Search the entries below for the word "drawing" and copy each line that has it.

::::::::

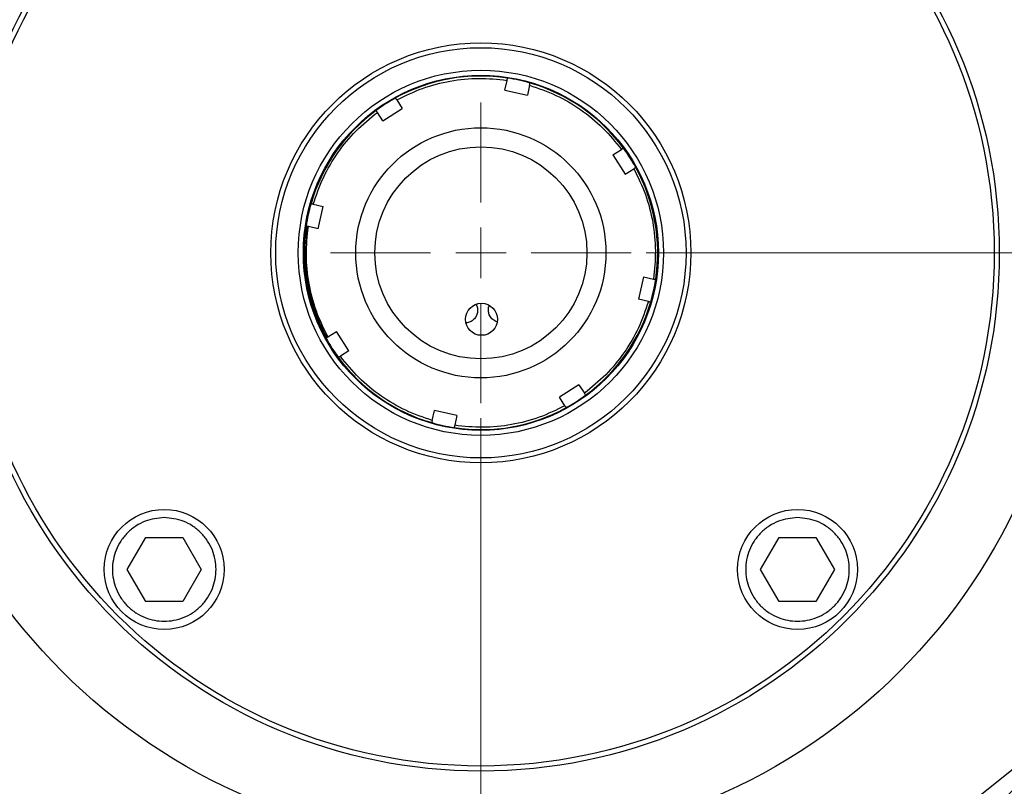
# Model space of a CAD drawing. Header units: inches. Extents: x 0.6 to 16.3, y 0.2 to 11.5.
# Tile 32 of 34: x 11.5 to 14.1, y 5.9 to 7.9. Entities that reach past the tile are written whole.
import ezdxf

# ---------------------------------------------------------------- set-up
doc = ezdxf.new("R2010")
doc.units = ezdxf.units.IN
doc.header["$MEASUREMENT"] = 0
doc.styles.add('SLDTEXTSTYLE0', font='TXT', dxfattribs={"width": 0.75})
doc.dimstyles.new('SLDDIMSTYLE0', dxfattribs={"dimtxt": 0.137795, "dimasz": 0.14, "dimexe": 0, "dimexo": 0.0625, "dimgap": 0.034449, "dimtad": 0, "dimtih": 1, "dimtoh": 1, "dimdec": 1, "dimlfac": 1.5, "dimrnd": 1e-09, "dimzin": 12, "dimdsep": 46, "dimtxsty": 'SLDTEXTSTYLE0', "dimblk1": 'CLOSED', "dimblk2": 'CLOSED', "dimsah": 1, "dimcen": 0.09, "dimadec": 0, "dimazin": 3, "dimtfac": 1, "dimtdec": 1, "dimtofl": 0, "dimtmove": 0, "dimatfit": 3, "dimldrblk": 'CLOSED', "dimfxl": 0, "dimfrac": 2, "dimtolj": 1, "dimtzin": 12, "dimarcsym": 0})
doc.dimstyles.new('SLDDIMSTYLE1', dxfattribs={"dimtxt": 0.137795, "dimasz": 0.14, "dimexe": 0, "dimexo": 0.0625, "dimgap": 0.034449, "dimtad": 0, "dimdec": 1, "dimlfac": 1.5, "dimrnd": 1e-09, "dimzin": 12, "dimdsep": 46, "dimtxsty": 'SLDTEXTSTYLE0', "dimblk1": 'CLOSED', "dimblk2": 'CLOSED', "dimsah": 1, "dimcen": 0.09, "dimadec": 0, "dimazin": 3, "dimtfac": 1, "dimtdec": 1, "dimtofl": 0, "dimtmove": 0, "dimatfit": 3, "dimldrblk": 'CLOSED', "dimfxl": 0, "dimfrac": 2, "dimtolj": 1, "dimtzin": 12, "dimarcsym": 0})
doc.dimstyles.new('SLDDIMSTYLE2', dxfattribs={"dimtxt": 0.137795, "dimasz": 0.14, "dimexe": 0, "dimexo": 0.0625, "dimgap": 0.034449, "dimtad": 0, "dimdec": 1, "dimlfac": 1.5, "dimrnd": 1e-09, "dimzin": 12, "dimdsep": 46, "dimtxsty": 'SLDTEXTSTYLE0', "dimblk1": 'CLOSED', "dimblk2": 'CLOSED', "dimsah": 1, "dimcen": 0.09, "dimadec": 0, "dimazin": 3, "dimtfac": 1, "dimtdec": 1, "dimtmove": 0, "dimatfit": 0, "dimldrblk": 'CLOSED', "dimfxl": 0, "dimfrac": 2, "dimtolj": 1, "dimtzin": 12, "dimarcsym": 0})

# ---------------------------------------------------------------- blocks, each defined once
blk = doc.blocks.new('_Closed')
at = {"color": 0, "linetype": 'ByBlock', "lineweight": -2}
for p, q in [((-1, 0.166667), (0, 0)), ((-1, 0.166667), (-1, -0.166667)), ((0, 0), (-1, -0.166667)), ((0, 0), (-1, 0))]:
    blk.add_line(p, q, dxfattribs=at)
blk = doc.blocks.new('_D')
at = {"color": 7, "linetype": 'Continuous', "lineweight": 0}
for p, q in [((13.3177, 9.3699), (15.8016, 9.3699)), ((15.7622, 9.3699), (15.7622, 8.6283)), ((15.6095, 8.6003), (15.5675, 8.6003)), ((15.5675, 8.6003), (15.5675, 8.3815)), ((15.915, 8.6003), (15.9569, 8.6003)), ((15.9569, 8.6003), (15.9569, 8.3815)), ((15.5675, 8.3815), (15.6095, 8.3815)), ((15.9569, 8.3815), (15.915, 8.3815)), ((15.7622, 4.5002), (15.7622, 8.1754)), ((13.9715, 4.5002), (15.8016, 4.5002))]:
    blk.add_line(p, q, dxfattribs=at)
at = {"color": 7, "linetype": 'Continuous', "lineweight": 18, "xscale": 0.14, "yscale": 0.14}
for p, rotation in [((15.7622, 9.3699), 90.0000000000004), ((15.7622, 4.5002), 270.0000000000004)]:
    blk.add_blockref('_Closed', p, dxfattribs=dict(at, rotation=rotation))
at = {"color": 7, "linetype": 'Continuous', "lineweight": 18, "char_height": 0.1378, "attachment_point": 1, "style": 'SLDTEXTSTYLE0'}
for s, insert in [('186', (15.6095, 8.5592)), ('7.3', (15.635, 8.353))]:
    blk.add_mtext(s, dxfattribs=dict(at, insert=insert))
blk = doc.blocks.new('_D_1')
at = {"color": 7, "linetype": 'Continuous', "lineweight": 0}
for p, q in [((14.7793, 7.1346), (14.7793, 3.2632)), ((11.8927, 4.7001), (11.8927, 3.2632)), ((13.5284, 3.5011), (13.4864, 3.5011)), ((13.4864, 3.5011), (13.4864, 3.2823)), ((13.8339, 3.5011), (13.8759, 3.5011)), ((13.8759, 3.5011), (13.8759, 3.2823)), ((11.8927, 3.3026), (13.3656, 3.3026)), ((14.7793, 3.3026), (13.9967, 3.3026)), ((13.4864, 3.2823), (13.5284, 3.2823)), ((13.8759, 3.2823), (13.8339, 3.2823))]:
    blk.add_line(p, q, dxfattribs=at)
at = {"color": 7, "linetype": 'Continuous', "lineweight": 18, "xscale": 0.14, "yscale": 0.14, "rotation": 180.0000000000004}
blk.add_blockref('_Closed', (11.8927, 3.3026), dxfattribs=at)
at = {"color": 7, "linetype": 'Continuous', "lineweight": 18, "xscale": 0.14, "yscale": 0.14}
blk.add_blockref('_Closed', (14.7793, 3.3026), dxfattribs=at)
at = {"color": 7, "linetype": 'Continuous', "lineweight": 18, "char_height": 0.1378, "attachment_point": 1, "style": 'SLDTEXTSTYLE0'}
for s, insert in [('110', (13.5284, 3.4599)), ('4.3', (13.5539, 3.2538))]:
    blk.add_mtext(s, dxfattribs=dict(at, insert=insert))
blk = doc.blocks.new('_D_2')
at = {"color": 7, "linetype": 'Continuous', "lineweight": 0}
for p, q in [((12.726, 6.8857), (12.726, 4.162)), ((11.8927, 4.7001), (11.8927, 4.162)), ((12.2268, 4.3998), (12.1849, 4.3998)), ((12.1849, 4.3998), (12.1849, 4.1811)), ((12.4305, 4.3998), (12.4725, 4.3998)), ((12.4725, 4.3998), (12.4725, 4.1811)), ((11.8927, 4.2014), (11.6427, 4.2014)), ((12.726, 4.2014), (12.976, 4.2014)), ((12.1849, 4.1811), (12.2268, 4.1811)), ((12.4725, 4.1811), (12.4305, 4.1811))]:
    blk.add_line(p, q, dxfattribs=at)
at = {"color": 7, "linetype": 'Continuous', "lineweight": 18, "xscale": 0.14, "yscale": 0.14}
blk.add_blockref('_Closed', (11.8927, 4.2014, -0.3299), dxfattribs=at)
at = {"color": 7, "linetype": 'Continuous', "lineweight": 18, "xscale": 0.14, "yscale": 0.14, "rotation": 180.0000000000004}
blk.add_blockref('_Closed', (12.726, 4.2014, -0.3299), dxfattribs=at)
at = {"color": 7, "linetype": 'Continuous', "lineweight": 18, "char_height": 0.1378, "attachment_point": 1, "style": 'SLDTEXTSTYLE0'}
for s, insert in [('32', (12.2268, 4.3587)), ('1.3', (12.2014, 4.1526))]:
    blk.add_mtext(s, dxfattribs=dict(at, insert=insert))
blk = doc.blocks.new('_D_4')
at = {"color": 7, "linetype": 'Continuous', "lineweight": 0}
for p, q in [((13.1569, 7.3166), (15.3865, 7.3166)), ((15.3471, 7.3166), (15.3471, 5.9841)), ((15.1944, 5.9561), (15.1524, 5.9561)), ((15.1524, 5.9561), (15.1524, 5.7374)), ((15.4998, 5.9561), (15.5418, 5.9561)), ((15.5418, 5.9561), (15.5418, 5.7374)), ((15.1524, 5.7374), (15.1944, 5.7374)), ((15.5418, 5.7374), (15.4998, 5.7374)), ((15.3471, 4.5002), (15.3471, 5.5312)), ((13.9715, 4.5002), (15.3865, 4.5002))]:
    blk.add_line(p, q, dxfattribs=at)
at = {"color": 7, "linetype": 'Continuous', "lineweight": 18, "xscale": 0.14, "yscale": 0.14}
for p, rotation in [((15.3471, 7.3166, -0.3299), 90.0000000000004), ((15.3471, 4.5002, -0.3299), 270.0000000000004)]:
    blk.add_blockref('_Closed', p, dxfattribs=dict(at, rotation=rotation))
at = {"color": 7, "linetype": 'Continuous', "lineweight": 18, "char_height": 0.1378, "attachment_point": 1, "style": 'SLDTEXTSTYLE0'}
for s, insert in [('107', (15.1944, 5.915)), ('4.2', (15.2198, 5.7089))]:
    blk.add_mtext(s, dxfattribs=dict(at, insert=insert))
blk = doc.blocks.new('SW_CENTERMARKSYMBOL_0')
at = {"color": 0, "linetype": 'Continuous', "lineweight": 18}
for p, q in [((0, 0.1312), (0, 0.3915)), ((0, 0), (0, 0.0656)), ((-0.1312, 0), (-0.3915, 0)), ((0, 0), (-0.0656, 0)), ((0, 0), (0, -0.0656)), ((0, 0), (0.0656, 0)), ((0.1312, 0), (0.3915, 0)), ((0, -0.1312), (0, -0.3915))]:
    blk.add_line(p, q, dxfattribs=at)

msp = doc.modelspace()

# ---------------------------------------------------------------- linework, layer by layer
at = {"color": 7, "linetype": 'Continuous', "lineweight": 25}
for p, q in [((12.7885, 7.7404), (12.7942, 7.7661)), ((12.8528, 7.7532), (12.8471, 7.7275)), ((12.7885, 7.7404), (12.8471, 7.7275)), ((12.5069, 7.715), (12.5211, 7.6928)), ((12.4705, 7.6605), (12.4564, 7.6827)), ((12.4705, 7.6605), (12.5211, 7.6928)), ((13.0699, 7.5721), (13.0921, 7.5862)), ((13.0699, 7.5721), (13.1022, 7.5215)), ((13.1022, 7.5215), (13.1244, 7.5357)), ((12.2894, 7.4434), (12.3151, 7.4377)), ((12.3022, 7.3791), (12.3151, 7.4377)), ((12.3022, 7.3791), (12.2765, 7.3848)), ((13.1498, 7.2541), (13.1369, 7.1955)), ((13.1498, 7.2541), (13.1755, 7.2484)), ((13.1626, 7.1898), (13.1369, 7.1955)), ((12.3276, 7.0975), (12.3498, 7.1117)), ((12.3821, 7.0612), (12.3498, 7.1117)), ((12.3821, 7.0612), (12.3599, 7.047)), ((12.9814, 6.9727), (12.9309, 6.9404)), ((12.9814, 6.9727), (12.9956, 6.9505)), ((12.9451, 6.9182), (12.9309, 6.9404)), ((12.5992, 6.88), (12.6049, 6.9057)), ((12.6635, 6.8928), (12.6049, 6.9057)), ((12.6635, 6.8928), (12.6578, 6.8671)), ((13.9233, 5.8206), (14.9304, 6.6266)), ((11.8048, 6.4916), (11.8529, 6.575)), ((11.8529, 6.575), (11.9492, 6.575)), ((11.9492, 6.575), (11.9973, 6.4916)), ((13.4547, 6.4916), (13.5028, 6.575)), ((13.5028, 6.575), (13.5991, 6.575)), ((13.5991, 6.575), (13.6472, 6.4916)), ((11.8529, 6.4083), (11.8048, 6.4916)), ((11.9973, 6.4916), (11.9492, 6.4083)), ((13.5028, 6.4083), (13.4547, 6.4916)), ((13.6472, 6.4916), (13.5991, 6.4083)), ((11.9492, 6.4083), (11.8529, 6.4083)), ((13.5991, 6.4083), (13.5028, 6.4083))]:
    msp.add_line(p, q, dxfattribs=at)
at = {"color": 7, "linetype": 'Continuous', "lineweight": 25, "flags": 128}
msp.add_lwpolyline([(12.2732, 7.3855), (12.2714, 7.3724), (12.268, 7.3126)], dxfattribs=at)
at = {"color": 7, "linetype": 'Continuous', "lineweight": 25}
for centre, radius in [((12.726, 7.3166), 1.5428), ((12.726, 7.3166), 1.3507), ((12.726, 7.3166), 1.3373), ((12.726, 7.3166), 0.5472), ((12.726, 7.3166), 0.5345), ((12.726, 7.3166), 0.4758), ((12.726, 7.3166), 0.4625), ((12.726, 7.3166), 0.3259), ((12.726, 7.3166), 0.2763), ((12.7275, 7.1433), 0.0417), ((11.901, 6.4916), 0.1563), ((13.551, 6.4916), 0.1563)]:
    msp.add_circle(centre, radius, dxfattribs=at)
for radius, start, end in [(0.4607, 81.324, 118.8562), (0.4607, 73.8562, 81.324), (0.4607, 36.324, 73.8562), (0.4607, 118.8562, 126.324), (0.4607, 126.324, 163.8562), (0.4607, 28.8562, 36.324), (0.4607, 351.324, 28.8562), (0.4607, 163.8562, 171.324), (0.4607, 171.324, 208.8562), (0.458, 180.5, 208.8148), (0.4607, 343.8562, 351.324), (0.4607, 306.324, 343.8562), (0.4607, 208.8562, 216.324), (0.4607, 216.324, 253.8562), (0.4607, 298.8562, 306.324), (0.4607, 261.324, 298.8562), (0.4607, 253.8562, 261.324), (2.0419, 304.4163, 325.5837)]:
    msp.add_arc((12.726, 7.3166), radius, start, end, dxfattribs=at)
at = {"color": 8, "linetype": 'Continuous', "lineweight": 25}
msp.add_arc((12.726, 7.3166), 1.9709, 217.2178, 322.2083, dxfattribs=at)
at = {"color": 7, "linetype": 'Continuous', "lineweight": 25}
for points, knots in [([(12.5069, 7.715), (12.529, 7.7259), (12.5735, 7.7477), (12.646, 7.766), (12.7204, 7.7738), (12.7697, 7.7687), (12.7942, 7.7661)], [0, 0, 0, 0, 0.248325, 0.5, 0.751675, 1, 1, 1, 1]), ([(12.7942, 7.7661), (12.7943, 7.7668), (12.7946, 7.7681), (12.795, 7.7699), (12.7953, 7.7712), (12.7955, 7.7719), (12.7955, 7.772), (12.7955, 7.772)], [0, 0, 0, 0, 0.215275, 0.430557, 0.645622, 0.860245, 1, 1, 1, 1]), ([(12.8528, 7.7532), (12.8529, 7.7539), (12.8532, 7.7552), (12.8536, 7.757), (12.8539, 7.7583), (12.8541, 7.759), (12.8541, 7.7591), (12.8541, 7.7591)], [0, 0, 0, 0, 0.215275, 0.430557, 0.645622, 0.860245, 1, 1, 1, 1]), ([(12.8528, 7.7532), (12.8761, 7.7453), (12.923, 7.7292), (12.9872, 7.6909), (13.0453, 7.6439), (13.0766, 7.6054), (13.0921, 7.5862)], [0, 0, 0, 0, 0.248325, 0.5, 0.751675, 1, 1, 1, 1]), ([(12.5069, 7.715), (12.5065, 7.7156), (12.5058, 7.7167), (12.5048, 7.7182), (12.5041, 7.7194), (12.5037, 7.72), (12.5037, 7.72), (12.5037, 7.7201)], [0, 0, 0, 0, 0.2152748, 0.4305572, 0.6456219, 0.860245, 1, 1, 1, 1]), ([(12.2894, 7.4434), (12.2973, 7.4667), (12.3134, 7.5136), (12.3517, 7.5778), (12.3987, 7.636), (12.4372, 7.6672), (12.4564, 7.6827)], [0, 0, 0, 0, 0.248325, 0.5, 0.751675, 1, 1, 1, 1]), ([(12.4564, 7.6827), (12.456, 7.6833), (12.4553, 7.6844), (12.4543, 7.6859), (12.4536, 7.6871), (12.4532, 7.6877), (12.4531, 7.6877), (12.4531, 7.6878)], [0, 0, 0, 0, 0.215275, 0.430557, 0.645622, 0.860245, 1, 1, 1, 1]), ([(13.0921, 7.5862), (13.0927, 7.5866), (13.0938, 7.5873), (13.0953, 7.5883), (13.0965, 7.589), (13.0971, 7.5894), (13.0971, 7.5895), (13.0971, 7.5895)], [0, 0, 0, 0, 0.215275, 0.430557, 0.645622, 0.860245, 1, 1, 1, 1]), ([(13.1295, 7.5389), (13.1294, 7.5389), (13.1293, 7.5388), (13.1284, 7.5383), (13.1271, 7.5374), (13.1257, 7.5365), (13.1248, 7.5359), (13.1244, 7.5357)], [0, 0, 0, 0, 0.21412, 0.428233, 0.64255, 0.8573, 1, 1, 1, 1]), ([(13.1244, 7.5357), (13.1352, 7.5136), (13.1571, 7.4691), (13.1754, 7.3966), (13.1832, 7.3222), (13.1781, 7.2729), (13.1755, 7.2484)], [0, 0, 0, 0, 0.2483252, 0.5, 0.7516748, 1, 1, 1, 1]), ([(12.2894, 7.4434), (12.2887, 7.4435), (12.2874, 7.4438), (12.2856, 7.4442), (12.2843, 7.4445), (12.2836, 7.4447), (12.2835, 7.4447), (12.2835, 7.4447)], [0, 0, 0, 0, 0.215275, 0.430557, 0.645622, 0.860245, 1, 1, 1, 1]), ([(12.2765, 7.3848), (12.2758, 7.3849), (12.2745, 7.3852), (12.2727, 7.3856), (12.2714, 7.3859), (12.2707, 7.3861), (12.2706, 7.3861), (12.2706, 7.3861)], [0, 0, 0, 0, 0.215275, 0.430557, 0.645622, 0.860245, 1, 1, 1, 1]), ([(12.3276, 7.0975), (12.3168, 7.1196), (12.2949, 7.1641), (12.2766, 7.2366), (12.2688, 7.311), (12.2739, 7.3603), (12.2765, 7.3848)], [0, 0, 0, 0, 0.248325, 0.5, 0.751675, 1, 1, 1, 1]), ([(13.1755, 7.2484), (13.1762, 7.2483), (13.1775, 7.248), (13.1793, 7.2476), (13.1806, 7.2473), (13.1813, 7.2471), (13.1814, 7.2471), (13.1814, 7.2471)], [0, 0, 0, 0, 0.215275, 0.430557, 0.645622, 0.860245, 1, 1, 1, 1]), ([(13.1626, 7.1898), (13.1547, 7.1665), (13.1386, 7.1196), (13.1003, 7.0554), (13.0533, 6.9973), (13.0148, 6.966), (12.9956, 6.9505)], [0, 0, 0, 0, 0.2483252, 0.5, 0.7516748, 1, 1, 1, 1]), ([(13.1626, 7.1898), (13.1633, 7.1897), (13.1646, 7.1894), (13.1664, 7.189), (13.1677, 7.1887), (13.1684, 7.1885), (13.1685, 7.1885), (13.1685, 7.1885)], [0, 0, 0, 0, 0.2152748, 0.4305572, 0.6456219, 0.860245, 1, 1, 1, 1]), ([(12.7132, 7.1818), (12.7134, 7.1815), (12.716, 7.1784), (12.7171, 7.1728), (12.7178, 7.1643), (12.7164, 7.1559), (12.7112, 7.1464), (12.7031, 7.1391), (12.6949, 7.1347), (12.6895, 7.1341), (12.6877, 7.134)], [0, 0, 0, 0, 0.017536, 0.188073, 0.248858, 0.41208, 0.575208, 0.741051, 0.916751, 1, 1, 1, 1]), ([(12.7682, 7.1364), (12.7642, 7.1382), (12.7565, 7.1417), (12.7488, 7.1517), (12.7459, 7.1605), (12.7453, 7.1689), (12.7457, 7.1746), (12.7477, 7.1781), (12.748, 7.1786)], [0, 0, 0, 0, 0.252435, 0.485476, 0.694268, 0.768688, 0.968525, 1, 1, 1, 1]), ([(12.3276, 7.0975), (12.327, 7.0972), (12.3259, 7.0964), (12.3244, 7.0955), (12.3232, 7.0947), (12.3226, 7.0943), (12.3226, 7.0943), (12.3225, 7.0943)], [0, 0, 0, 0, 0.2152748, 0.4305572, 0.6456219, 0.860245, 1, 1, 1, 1]), ([(12.3599, 7.047), (12.3593, 7.0466), (12.3582, 7.0459), (12.3567, 7.0449), (12.3555, 7.0442), (12.3549, 7.0438), (12.3549, 7.0437), (12.3548, 7.0437)], [0, 0, 0, 0, 0.2152748, 0.4305572, 0.6456219, 0.860245, 1, 1, 1, 1]), ([(12.5992, 6.88), (12.5759, 6.8879), (12.529, 6.904), (12.4648, 6.9423), (12.4066, 6.9893), (12.3754, 7.0278), (12.3599, 7.047)], [0, 0, 0, 0, 0.248325, 0.5, 0.751675, 1, 1, 1, 1]), ([(12.9956, 6.9505), (12.996, 6.9499), (12.9967, 6.9488), (12.9977, 6.9473), (12.9984, 6.9461), (12.9988, 6.9455), (12.9989, 6.9455), (12.9989, 6.9455)], [0, 0, 0, 0, 0.215275, 0.430557, 0.645622, 0.860245, 1, 1, 1, 1]), ([(12.9451, 6.9182), (12.923, 6.9074), (12.8785, 6.8855), (12.806, 6.8672), (12.7316, 6.8594), (12.6823, 6.8645), (12.6578, 6.8671)], [0, 0, 0, 0, 0.248325, 0.5, 0.751675, 1, 1, 1, 1]), ([(12.9451, 6.9182), (12.9454, 6.9176), (12.9462, 6.9165), (12.9471, 6.915), (12.9479, 6.9138), (12.9483, 6.9132), (12.9483, 6.9132), (12.9483, 6.9131)], [0, 0, 0, 0, 0.215275, 0.430557, 0.645622, 0.860245, 1, 1, 1, 1]), ([(12.5992, 6.88), (12.5991, 6.8793), (12.5988, 6.878), (12.5984, 6.8762), (12.5981, 6.8749), (12.5979, 6.8742), (12.5979, 6.8741), (12.5979, 6.8741)], [0, 0, 0, 0, 0.215275, 0.430557, 0.645622, 0.860245, 1, 1, 1, 1]), ([(12.6578, 6.8671), (12.6577, 6.8664), (12.6574, 6.8651), (12.657, 6.8633), (12.6567, 6.862), (12.6565, 6.8613), (12.6565, 6.8612), (12.6565, 6.8612)], [0, 0, 0, 0, 0.215275, 0.430557, 0.645622, 0.860245, 1, 1, 1, 1]), ([(11.901, 6.6266), (11.918, 6.6248), (11.9441, 6.6221), (11.9756, 6.6052), (11.9972, 6.5878), (12.0147, 6.5662), (12.031, 6.5348), (12.0393, 6.4916), (12.031, 6.4485), (12.0147, 6.4171), (11.9972, 6.3955), (11.9756, 6.378), (11.9441, 6.3617), (11.901, 6.3534), (11.8579, 6.3617), (11.8265, 6.378), (11.8049, 6.3955), (11.7874, 6.4171), (11.7711, 6.4485), (11.7628, 6.4916), (11.7711, 6.5348), (11.7874, 6.5662), (11.8049, 6.5878), (11.8265, 6.6052), (11.8579, 6.6221), (11.8841, 6.6248), (11.901, 6.6266)], [0, 0, 0, 0, 0.059864, 0.09209, 0.125, 0.15791, 0.190136, 0.25, 0.309864, 0.34209, 0.375, 0.40791, 0.440136, 0.5, 0.559864, 0.59209, 0.625, 0.65791, 0.690136, 0.75, 0.809864, 0.84209, 0.875, 0.90791, 0.940136, 1, 1, 1, 1]), ([(13.551, 6.6266), (13.5679, 6.6248), (13.5941, 6.6221), (13.6255, 6.6052), (13.6471, 6.5878), (13.6646, 6.5662), (13.6809, 6.5348), (13.6892, 6.4916), (13.6809, 6.4485), (13.6646, 6.4171), (13.6471, 6.3955), (13.6255, 6.378), (13.5941, 6.3617), (13.551, 6.3534), (13.5079, 6.3617), (13.4764, 6.378), (13.4548, 6.3955), (13.4373, 6.4171), (13.421, 6.4485), (13.4127, 6.4916), (13.421, 6.5348), (13.4373, 6.5662), (13.4548, 6.5878), (13.4764, 6.6052), (13.5079, 6.6221), (13.534, 6.6248), (13.551, 6.6266)], [0, 0, 0, 0, 0.059864, 0.09209, 0.125, 0.15791, 0.190136, 0.25, 0.309864, 0.34209, 0.375, 0.40791, 0.440136, 0.5, 0.559864, 0.59209, 0.625, 0.65791, 0.690136, 0.75, 0.809864, 0.84209, 0.875, 0.90791, 0.940136, 1, 1, 1, 1])]:
    msp.add_open_spline(points, degree=3, knots=knots, dxfattribs=at)

# ---------------------------------------------------------------- block references
at = {"color": 7, "linetype": 'Continuous', "lineweight": 0}
msp.add_blockref('SW_CENTERMARKSYMBOL_0', (12.726, 7.3166), dxfattribs=at)

# ---------------------------------------------------------------- dimensions: what is measured, and where the dimension line sits
at = {"color": 7, "linetype": 'Continuous', "lineweight": 18}
for base, p1, picture, middle in [((15.7622, 4.5002), (13.2783, 9.3699), '_D', (15.7622, 8.4018)), ((15.3471, 4.5002), (13.1175, 7.3166), '_D_4', (15.3471, 5.7577))]:
    dim = msp.add_linear_dim(base=base, p1=p1, p2=(13.9321, 4.5002), angle=90, dimstyle='SLDDIMSTYLE0', dxfattribs=at)
    dim.commit()
    dim.dimension.update_dxf_attribs({"geometry": picture, "text_midpoint": middle, "dimtype": 160})
for base, p1, p2, dimstyle, picture, middle in [((11.8927, 3.3026), (14.7793, 7.174), (11.8927, 4.7395), 'SLDDIMSTYLE1', '_D_1', (13.6812, 3.3026)), ((12.726, 4.2014), (11.8927, 4.7395), (12.726, 6.9251), 'SLDDIMSTYLE2', '_D_2', (12.3287, 4.2014))]:
    dim = msp.add_linear_dim(base=base, p1=p1, p2=p2, dimstyle=dimstyle, dxfattribs=at)
    dim.commit()
    dim.dimension.update_dxf_attribs({"geometry": picture, "text_midpoint": middle, "dimtype": 160})

doc.saveas('drawing.dxf')

::::::::

* Task solution:
# Model space of a CAD drawing. Header units: inches. Extents: x 0.6 to 16.3, y 0.2 to 11.5.
doc.saveas('drawing.dxf')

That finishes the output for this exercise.